====== MATERIAL SUPPLIED

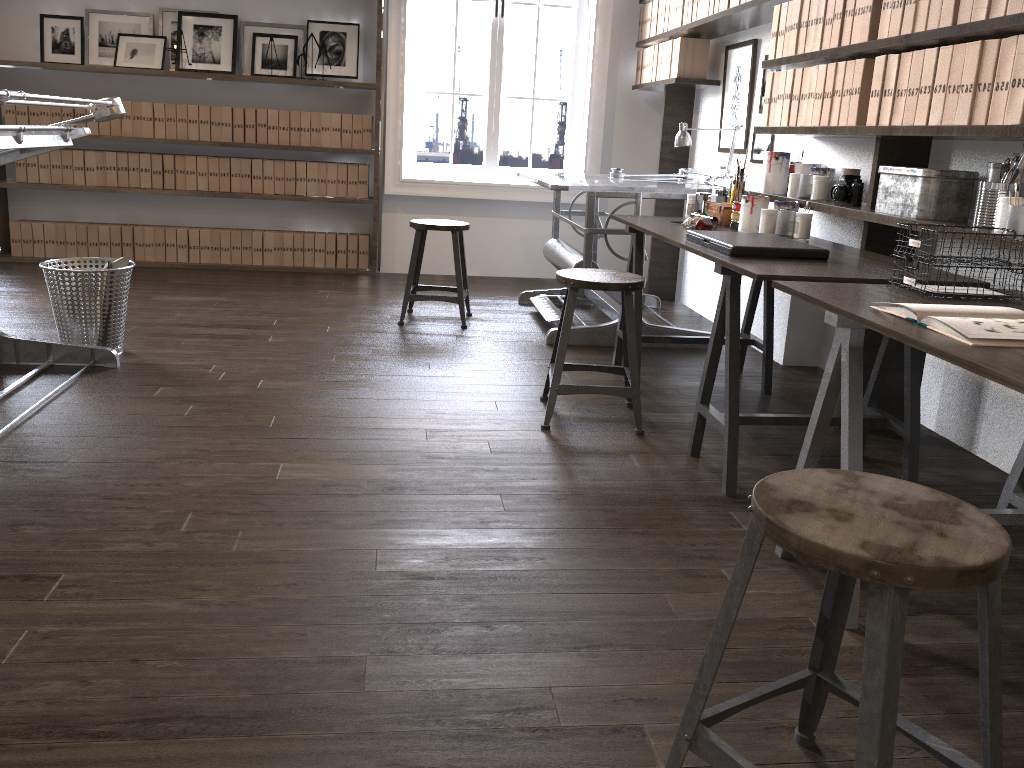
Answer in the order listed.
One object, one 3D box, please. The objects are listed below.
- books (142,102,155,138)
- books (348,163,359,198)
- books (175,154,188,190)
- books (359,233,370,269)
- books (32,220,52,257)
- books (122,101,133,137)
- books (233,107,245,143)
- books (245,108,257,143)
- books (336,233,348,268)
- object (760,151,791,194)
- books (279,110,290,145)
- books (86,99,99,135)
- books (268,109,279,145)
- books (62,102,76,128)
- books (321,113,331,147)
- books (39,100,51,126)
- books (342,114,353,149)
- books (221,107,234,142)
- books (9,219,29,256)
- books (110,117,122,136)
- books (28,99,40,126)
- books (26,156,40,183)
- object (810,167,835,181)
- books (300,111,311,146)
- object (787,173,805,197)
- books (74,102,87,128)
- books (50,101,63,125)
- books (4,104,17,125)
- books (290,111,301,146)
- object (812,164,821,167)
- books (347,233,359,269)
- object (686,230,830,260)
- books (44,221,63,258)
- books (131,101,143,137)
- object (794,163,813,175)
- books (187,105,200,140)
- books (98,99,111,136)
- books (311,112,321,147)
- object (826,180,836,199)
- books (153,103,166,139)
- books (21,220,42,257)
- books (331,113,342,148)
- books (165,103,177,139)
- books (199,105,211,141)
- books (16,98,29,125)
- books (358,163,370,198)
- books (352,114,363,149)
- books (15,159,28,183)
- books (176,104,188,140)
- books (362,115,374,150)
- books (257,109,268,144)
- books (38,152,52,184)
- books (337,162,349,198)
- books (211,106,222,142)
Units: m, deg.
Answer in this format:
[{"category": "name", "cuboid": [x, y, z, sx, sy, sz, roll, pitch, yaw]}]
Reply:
[{"category": "books", "cuboid": [-2.356, -1.721, 5.782, 0.066, 0.223, 0.177, 1, 14, -8]}, {"category": "books", "cuboid": [-1.079, -1.386, 6.028, 0.066, 0.223, 0.176, 1, 14, -8]}, {"category": "books", "cuboid": [-2.180, -1.408, 5.882, 0.066, 0.223, 0.177, 1, 14, -8]}, {"category": "books", "cuboid": [-1.025, -0.921, 6.144, 0.066, 0.223, 0.177, 2, 14, -8]}, {"category": "books", "cuboid": [-3.105, -0.961, 5.866, 0.067, 0.223, 0.177, 2, 14, -8]}, {"category": "books", "cuboid": [-2.484, -1.723, 5.762, 0.067, 0.223, 0.177, 2, 14, -8]}, {"category": "books", "cuboid": [-1.795, -1.711, 5.859, 0.066, 0.223, 0.177, 1, 14, -8]}, {"category": "books", "cuboid": [-1.721, -1.708, 5.864, 0.067, 0.223, 0.177, 2, 14, -8]}, {"category": "books", "cuboid": [-1.173, -0.923, 6.121, 0.067, 0.223, 0.177, 2, 14, -8]}, {"category": "object", "cuboid": [1.122, -0.899, 3.772, 0.107, 0.175, 0.108, 2, 14, -6]}, {"category": "books", "cuboid": [-1.507, -1.705, 5.897, 0.066, 0.223, 0.176, 2, 14, -8]}, {"category": "books", "cuboid": [-2.691, -1.727, 5.736, 0.066, 0.223, 0.176, 2, 14, -8]}, {"category": "books", "cuboid": [-1.576, -1.705, 5.884, 0.066, 0.223, 0.176, 1, 14, -8]}, {"category": "books", "cuboid": [-2.836, -1.730, 5.716, 0.067, 0.223, 0.177, 1, 14, -8]}, {"category": "books", "cuboid": [-1.241, -1.699, 5.929, 0.066, 0.223, 0.177, 2, 14, -8]}, {"category": "books", "cuboid": [-2.975, -1.733, 5.701, 0.066, 0.223, 0.177, 1, 14, -8]}, {"category": "books", "cuboid": [-1.105, -1.697, 5.949, 0.066, 0.223, 0.177, 2, 14, -8]}, {"category": "books", "cuboid": [-1.870, -1.712, 5.847, 0.066, 0.223, 0.177, 2, 14, -8]}, {"category": "books", "cuboid": [-3.244, -0.965, 5.853, 0.066, 0.223, 0.176, 1, 14, -8]}, {"category": "books", "cuboid": [-2.551, -1.726, 5.759, 0.066, 0.223, 0.177, 1, 14, -8]}, {"category": "books", "cuboid": [-3.037, -1.733, 5.688, 0.067, 0.223, 0.177, 2, 14, -8]}, {"category": "books", "cuboid": [-3.085, -1.424, 5.756, 0.066, 0.223, 0.177, 1, 14, -8]}, {"category": "object", "cuboid": [1.257, -0.815, 3.600, 0.094, 0.126, 0.095, 9, 15, 22]}, {"category": "books", "cuboid": [-1.369, -1.701, 5.909, 0.067, 0.223, 0.177, 1, 14, -8]}, {"category": "object", "cuboid": [1.148, -0.801, 3.575, 0.062, 0.093, 0.062, -2, 15, -21]}, {"category": "books", "cuboid": [-2.762, -1.730, 5.731, 0.066, 0.223, 0.177, 2, 14, -8]}, {"category": "books", "cuboid": [-2.910, -1.733, 5.712, 0.066, 0.223, 0.177, 2, 14, -8]}, {"category": "books", "cuboid": [-3.181, -1.737, 5.672, 0.066, 0.223, 0.176, 1, 14, -8]}, {"category": "books", "cuboid": [-1.436, -1.704, 5.906, 0.066, 0.223, 0.177, 2, 14, -8]}, {"category": "object", "cuboid": [1.261, -0.865, 3.744, 0.072, 0.127, 0.071, 14, 17, 38]}, {"category": "books", "cuboid": [-1.100, -0.923, 6.136, 0.066, 0.223, 0.177, 1, 14, -8]}, {"category": "object", "cuboid": [0.776, -0.450, 2.850, 0.312, 0.033, 0.451, 1, 16, -8]}, {"category": "books", "cuboid": [-3.033, -0.960, 5.877, 0.066, 0.223, 0.177, 1, 14, -8]}, {"category": "books", "cuboid": [-2.418, -1.723, 5.775, 0.066, 0.223, 0.177, 1, 14, -8]}, {"category": "object", "cuboid": [1.207, -0.852, 3.686, 0.070, 0.129, 0.070, 11, 16, 29]}, {"category": "books", "cuboid": [-2.076, -1.715, 5.819, 0.066, 0.223, 0.176, 2, 14, -8]}, {"category": "books", "cuboid": [-2.622, -1.727, 5.749, 0.066, 0.223, 0.176, 1, 14, -8]}, {"category": "books", "cuboid": [-1.303, -1.701, 5.923, 0.066, 0.223, 0.177, 2, 14, -8]}, {"category": "object", "cuboid": [1.255, -0.769, 3.521, 0.054, 0.079, 0.055, 8, 15, 19]}, {"category": "books", "cuboid": [-2.284, -1.719, 5.789, 0.067, 0.223, 0.177, 2, 14, -8]}, {"category": "books", "cuboid": [-3.175, -0.963, 5.860, 0.066, 0.223, 0.177, 1, 14, -8]}, {"category": "books", "cuboid": [-1.174, -1.697, 5.936, 0.067, 0.223, 0.177, 1, 14, -8]}, {"category": "books", "cuboid": [-2.214, -1.719, 5.802, 0.066, 0.223, 0.177, 1, 14, -8]}, {"category": "books", "cuboid": [-2.004, -1.713, 5.825, 0.066, 0.223, 0.177, 2, 14, -8]}, {"category": "books", "cuboid": [-3.108, -1.735, 5.679, 0.066, 0.223, 0.177, 1, 14, -8]}, {"category": "books", "cuboid": [-1.009, -1.384, 6.033, 0.066, 0.223, 0.176, 2, 14, -8]}, {"category": "books", "cuboid": [-1.036, -1.696, 5.960, 0.066, 0.223, 0.176, 2, 14, -8]}, {"category": "books", "cuboid": [-3.157, -1.425, 5.746, 0.067, 0.223, 0.177, 2, 14, -8]}, {"category": "books", "cuboid": [-2.145, -1.718, 5.813, 0.066, 0.223, 0.176, 1, 14, -8]}, {"category": "books", "cuboid": [-0.971, -1.693, 5.962, 0.067, 0.223, 0.177, 2, 14, -8]}, {"category": "books", "cuboid": [-1.647, -1.708, 5.879, 0.066, 0.223, 0.177, 1, 14, -8]}, {"category": "books", "cuboid": [-3.014, -1.424, 5.769, 0.066, 0.223, 0.176, 1, 14, -8]}, {"category": "books", "cuboid": [-1.150, -1.388, 6.018, 0.066, 0.223, 0.177, 1, 14, -8]}, {"category": "books", "cuboid": [-1.932, -1.712, 5.834, 0.067, 0.223, 0.177, 1, 14, -8]}]

============

◆ **TASK ITEM**:
Find and copy each line of the listing above that holds the word "Answer".

◆ **YOUR SOLUTION**:
Answer in the order listed.
Answer in this format:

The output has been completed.